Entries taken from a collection
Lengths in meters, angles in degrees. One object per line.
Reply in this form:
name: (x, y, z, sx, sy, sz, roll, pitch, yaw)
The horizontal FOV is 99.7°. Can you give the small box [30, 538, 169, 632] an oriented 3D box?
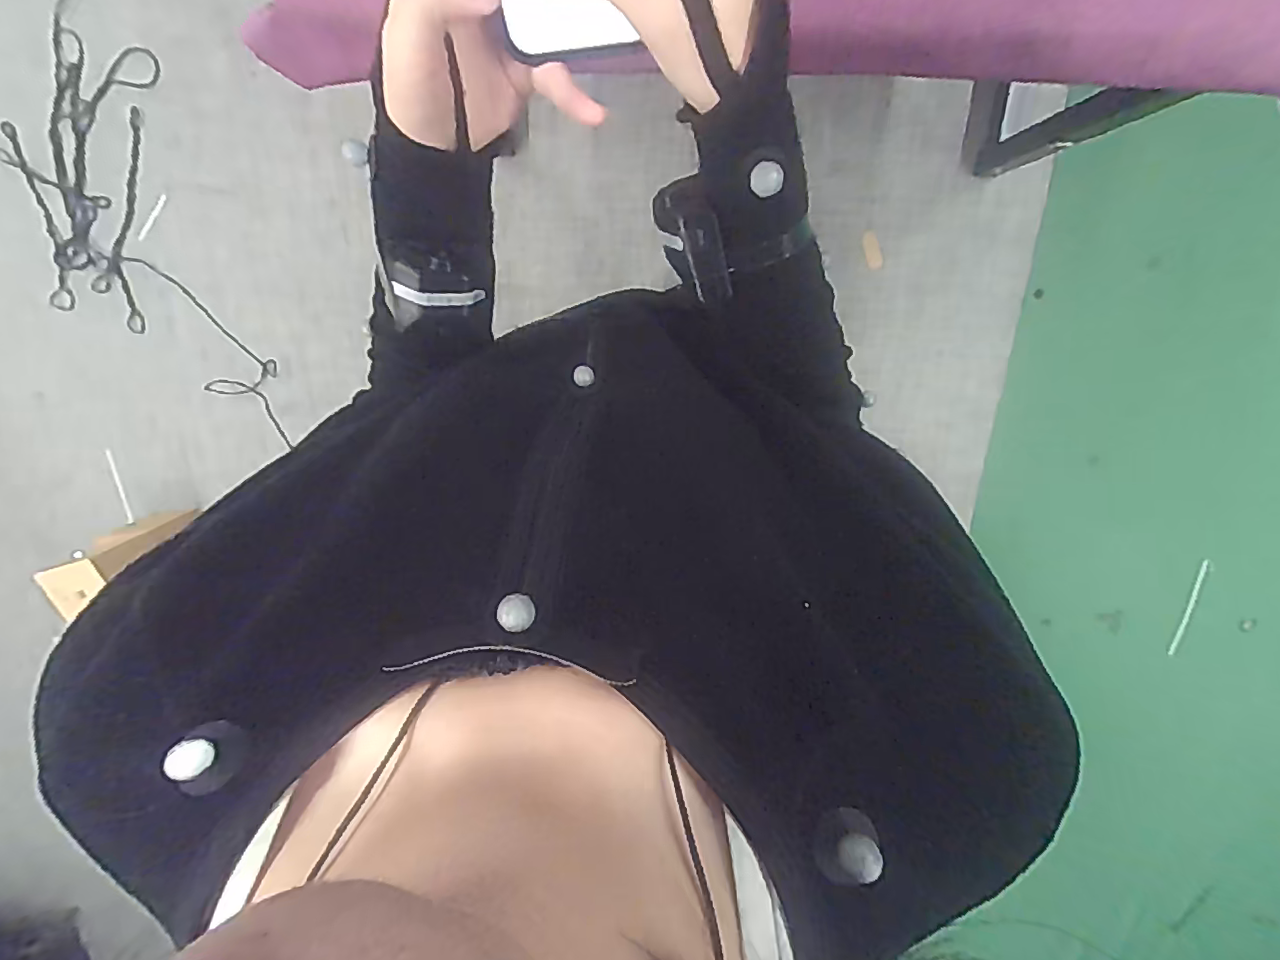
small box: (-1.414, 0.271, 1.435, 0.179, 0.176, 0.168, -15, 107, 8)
* * *
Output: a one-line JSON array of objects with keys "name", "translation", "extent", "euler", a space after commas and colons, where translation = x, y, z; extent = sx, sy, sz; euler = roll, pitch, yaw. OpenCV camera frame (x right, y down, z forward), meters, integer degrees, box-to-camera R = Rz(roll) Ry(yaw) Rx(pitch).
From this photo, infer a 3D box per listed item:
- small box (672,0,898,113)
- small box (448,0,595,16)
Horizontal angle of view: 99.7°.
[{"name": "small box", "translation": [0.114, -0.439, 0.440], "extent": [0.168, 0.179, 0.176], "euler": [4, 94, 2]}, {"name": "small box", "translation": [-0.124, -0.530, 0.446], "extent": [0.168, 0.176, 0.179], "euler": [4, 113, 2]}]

## PROBLEM REQUIREMENTS
The word "meters" may appear in lines of the entries. State how many lines hold it, as a number alone.

## RESPONSE TO THIS EXERCISE
2